Les psy, c’est vraiment pour les fous ? : entretien avec Pierre Dumont, psychologue au CH de Clermont
Il y a une semaine, le premier ministre Michel Barnier a annoncé que le gouvernement souhaitait faire de la santé mentale la « grande cause nationale de 2025 ». Preuve que le sujet commence à être pris au sérieux. Pourtant, certains clichés ont la vie dure. Si de plus en plus de personnes consultent (d’ailleurs, la demande explose), certains ont encore du mal à passer le cap, à cause de tabous qui persistent sur les difficultés mentales et l’importance de prendre soin de ses émotions. Pierre Dumont, psychologue en pédopsychiatrie au CH de Clermont-Ferrand, animera un débat organisé par l’EPE 63 (Ensemble parents et éducateurs) ce soir, à l’Atrium, sur le sujet.
En tant que professionnel, que répondez-vous à ce vieux dicton qui dit qu’il n’y a que les fous qui vont voir des psy ? Je dis “bien sûr que les psy c’est pour les fous”, parce qu’on a tous une part de folie en nous. Elle peut nous faire souffrir, nous faire douter ou de la peine. C’est cette folie humaine que l’on voit bien d’ailleurs à travers la télévision, les réseaux sociaux, tous les drames autour de nous.Il n’y a pas les fous d’un côté et les normaux de l’autre, on est tous touchés par une certaine forme de souffrance. L’humain a des failles et fait tout ce qu’il peut pour apprendre à vivre avec, trouver un équilibre. Et les psychologues ont été pensés pour aider leurs alter egos à vivre un peu mieux leur vie douloureuse. Reconnaître et accepter cette folie qui nous caractérise tous, c’est le plus important.

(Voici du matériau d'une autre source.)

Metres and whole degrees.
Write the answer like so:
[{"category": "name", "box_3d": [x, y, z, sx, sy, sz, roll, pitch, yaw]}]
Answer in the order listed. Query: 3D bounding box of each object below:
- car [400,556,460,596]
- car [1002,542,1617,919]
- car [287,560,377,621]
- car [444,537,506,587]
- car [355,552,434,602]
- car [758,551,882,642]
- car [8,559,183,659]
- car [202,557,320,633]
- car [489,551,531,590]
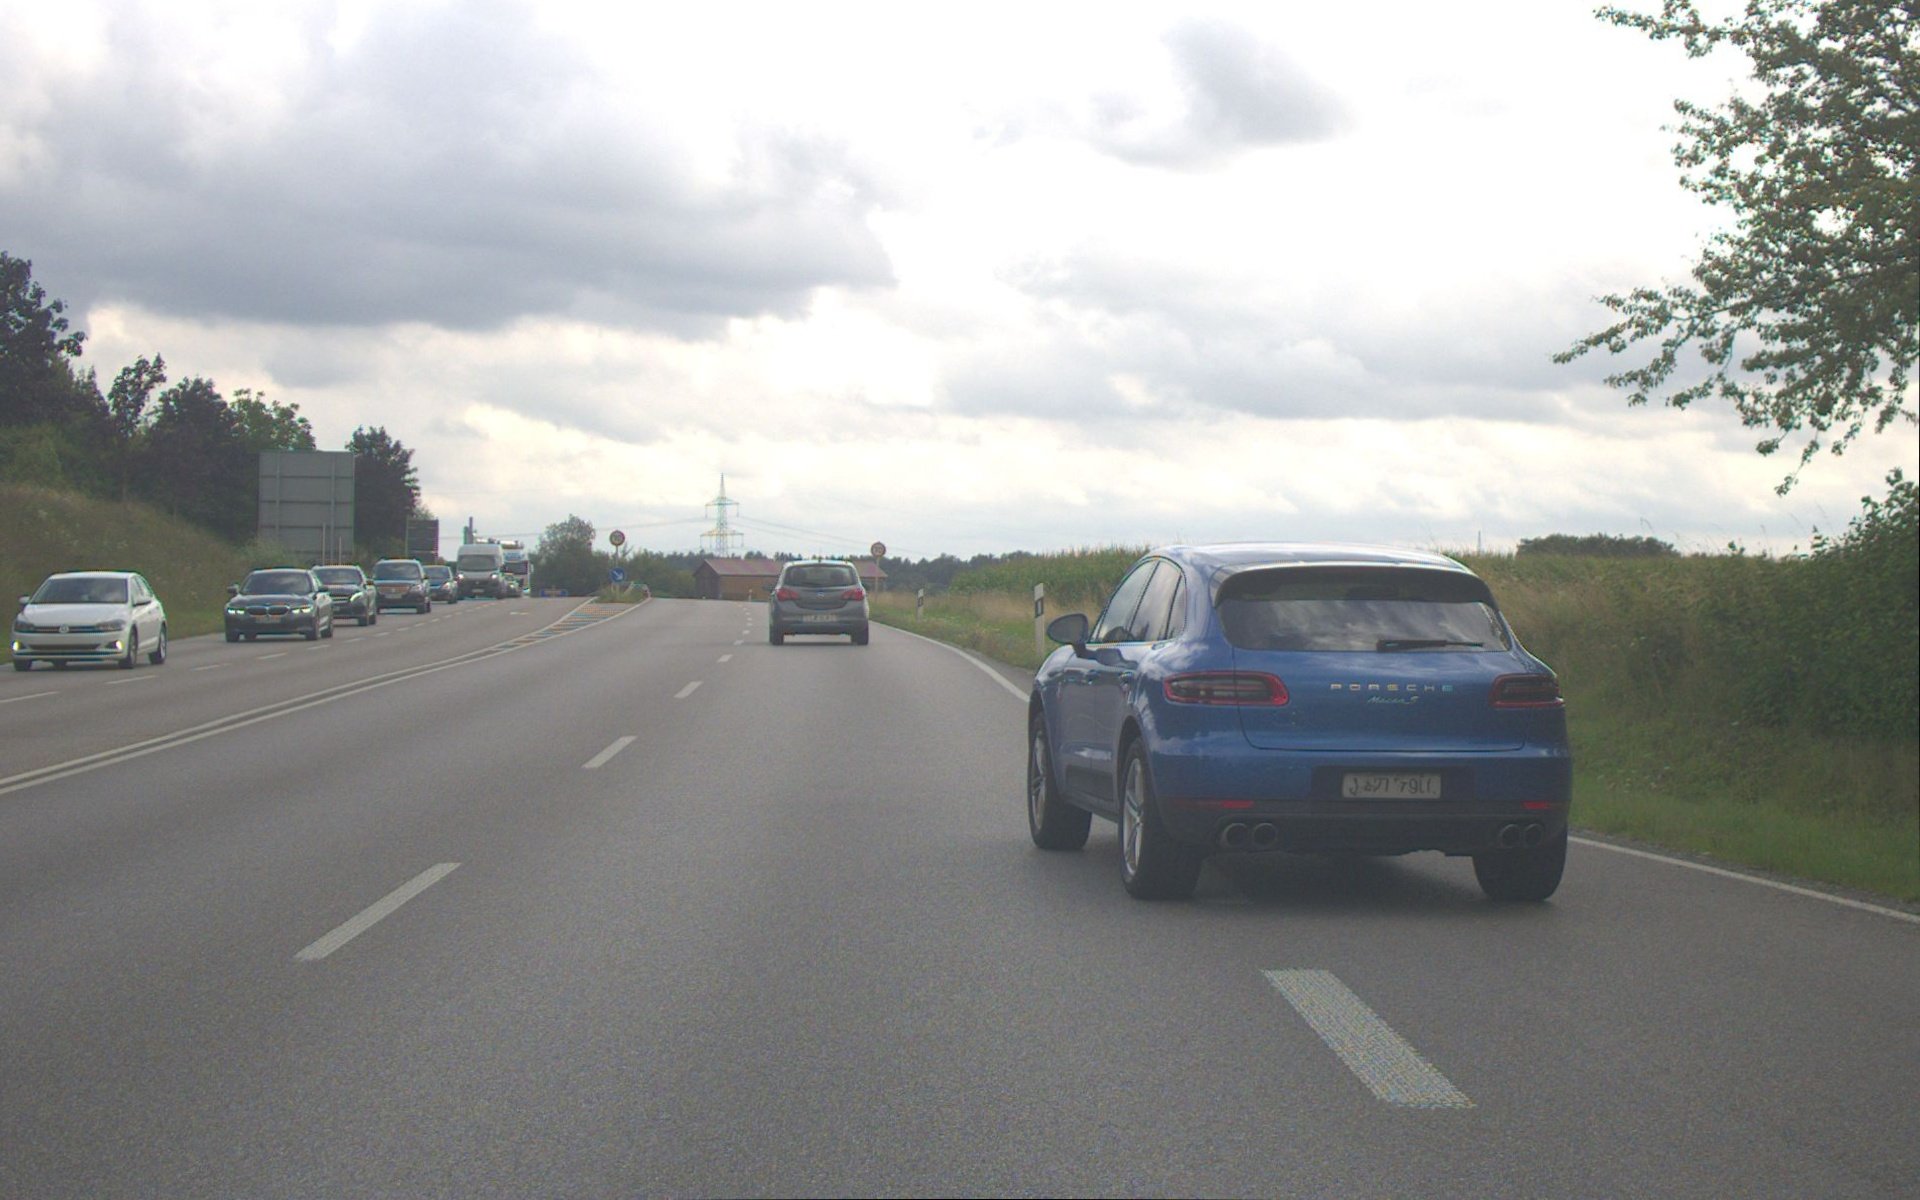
[{"category": "car", "box_3d": [-20.146, -0.935, 130.809, 1.993, 1.486, 4.001, 0, 1, -5]}, {"category": "car", "box_3d": [1.501, 0.517, 16.738, 1.993, 1.565, 4.757, 0, 1, -7]}, {"category": "car", "box_3d": [-15.781, -0.260, 86.585, 1.796, 1.481, 4.169, 0, 1, -4]}, {"category": "car", "box_3d": [-21.592, -1.706, 153.305, 2.363, 2.204, 5.923, -1, 1, -4]}, {"category": "car", "box_3d": [-17.331, -0.712, 105.541, 1.993, 1.503, 4.001, 0, 1, -3]}, {"category": "car", "box_3d": [-2.512, -0.088, 60.802, 1.993, 1.530, 4.001, 1, 1, -5]}, {"category": "car", "box_3d": [-12.907, 0.103, 51.528, 1.668, 1.437, 4.147, 0, 1, -1]}, {"category": "car", "box_3d": [-14.158, -0.126, 69.839, 1.993, 1.503, 4.001, 0, 1, -6]}, {"category": "car", "box_3d": [-25.980, -1.722, 198.344, 2.363, 2.204, 5.309, -1, 1, -8]}]
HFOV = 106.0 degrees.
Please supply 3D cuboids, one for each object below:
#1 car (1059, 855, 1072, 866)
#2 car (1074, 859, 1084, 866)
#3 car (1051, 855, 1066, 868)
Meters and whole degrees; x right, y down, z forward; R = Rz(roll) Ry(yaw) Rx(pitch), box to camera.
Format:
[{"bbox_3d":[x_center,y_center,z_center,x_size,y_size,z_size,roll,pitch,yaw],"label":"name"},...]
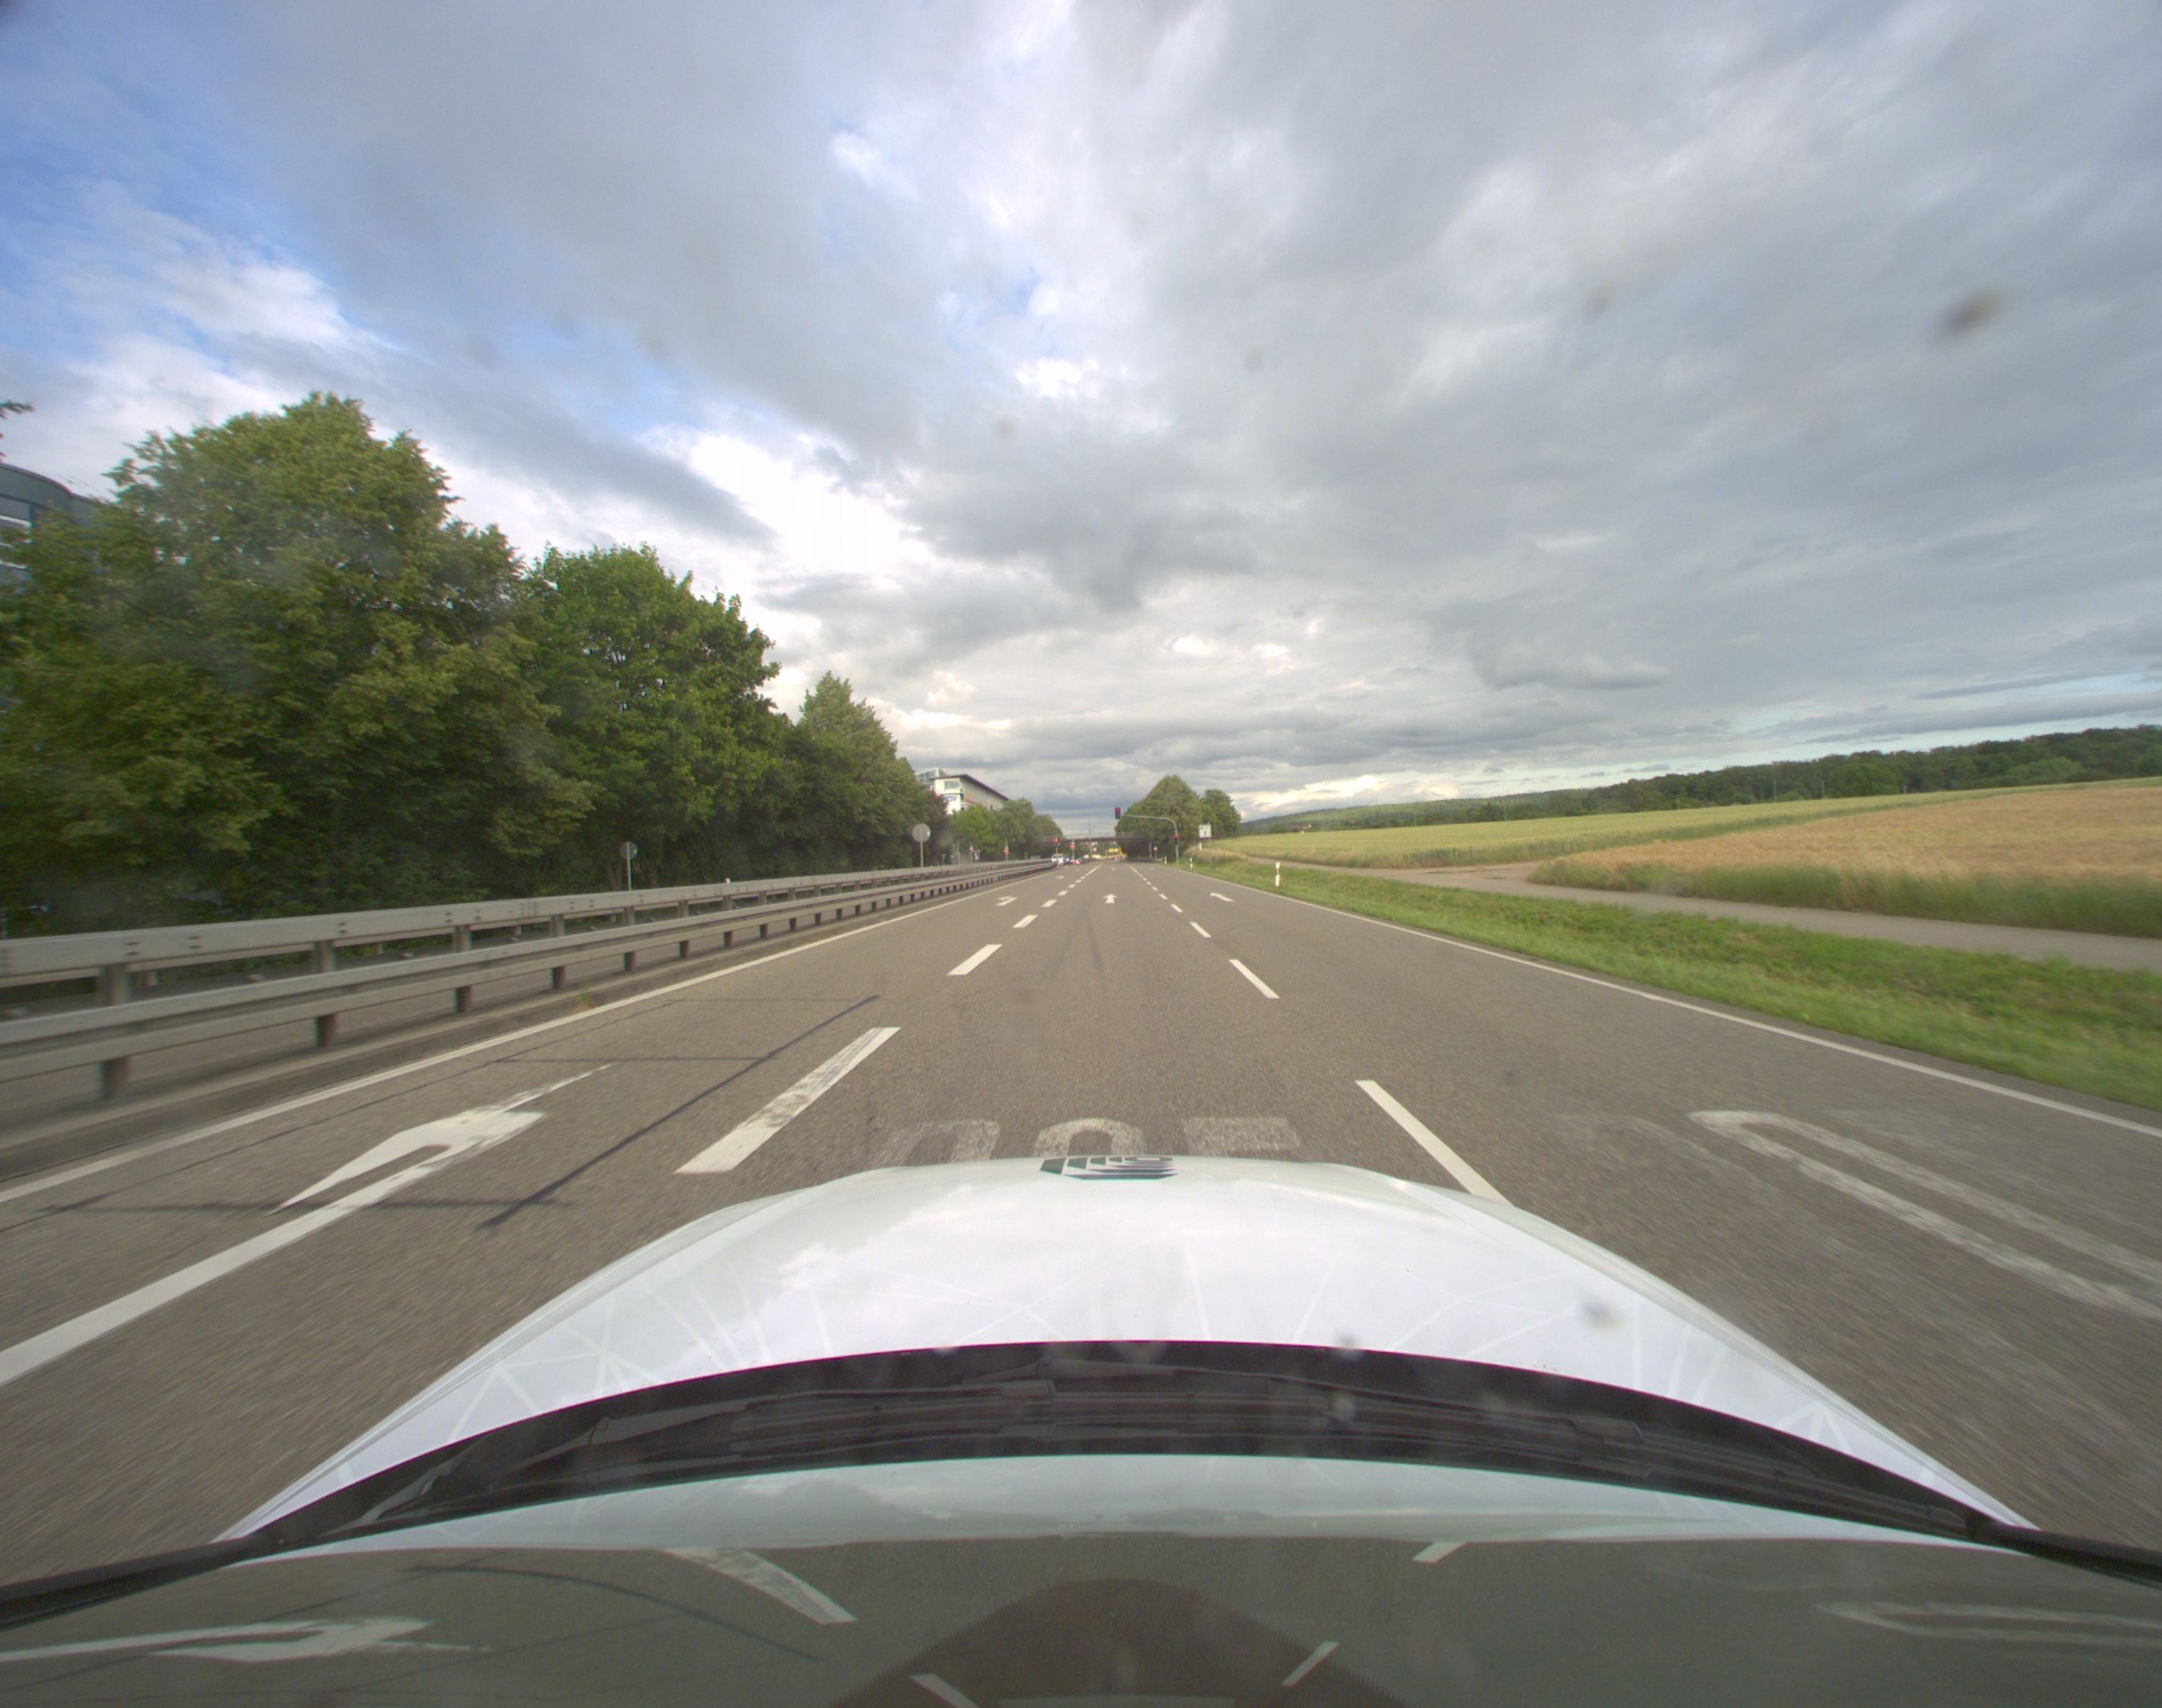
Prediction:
[{"bbox_3d":[-2.683,1.076,141.235,1.986,1.873,4.739,-2,0,2],"label":"car"},{"bbox_3d":[-0.329,1.305,126.412,1.352,1.092,2.924,-2,0,3],"label":"car"},{"bbox_3d":[-3.501,1.166,128.514,1.940,1.873,4.739,-2,0,2],"label":"car"}]

Quand faut-il, selon vous, consulter un psy ? Quels signes doivent alarmer ? Il n’y a pas de règle. Tout le monde est différent et met en place des stratégies adaptatives pour supporter le rythme effréné de la vie. Certaines personnes ont besoin d’aller voir un psy très tôt, même quand les choses vont bien, histoire de discuter de leur quotidien. D’autres ont besoin de foncer et non pas de creuser et réveiller des choses avec lesquelles ils sont très au clair et qu’ils gèrent très bien. Nous, en tant que spécialiste, on invite n’importe qui à consulter un psychologue à partir du moment où il y a une rupture de la normalité, qui est subjective pour chacun. Dès qu’il y a un impact sur notre quotidien en fait. Et comme dirait Freud, “la normalité c’est de continuer d’aimer et de travailler en toute sérénité”.Le thème cette année des Semaines d’information sur la santé mentale, c'est En mouvement pour notre santé mentale. C’est important de pratiquer une activité physique pour l’esprit ? Le sport est un bon moyen de décharger l’agressivité que l’on accumule au quotidien. C’est un espace dans lequel on dépose des choses qui nous contaminent. Il y a plein de recherches en psychologie sur ses bienfaits thérapeutiques. Le fait d’être au contact de l’autre, de pratiquer une activité ludique, prendre du plaisir, s’amuser, jouer, avoir des objectifs. L’activité physique fait du bien au corps somatique, et en psychologie, on ne fait pas de différence entre le corps et l’esprit car nous sommes une entité bien plus complète que ça.
Pour rester dans le thème, vous animerez un débat en mouvement ce soir. Qu’est-ce que ça veut dire ? Je travaille avec un outil que l’on appelle le psychodrame, une méthode de soin qui utilise le mouvement. Plutôt que de raconter les complexes psychiques, on va les montrer et faire vivre des scènes réellement vécues ou qui pourraient arriver. C’est une technique qui s’approche du jeu de rôle et du théâtre. L’idée est d’avoir accès à des choses concrètes. C’est moins soporifique qu’une conférence.
Pratique. Le débat aura lieu de 18 h 30 à 20 h 30 à l’Atrium. Gratuit, tout public, sans inscription.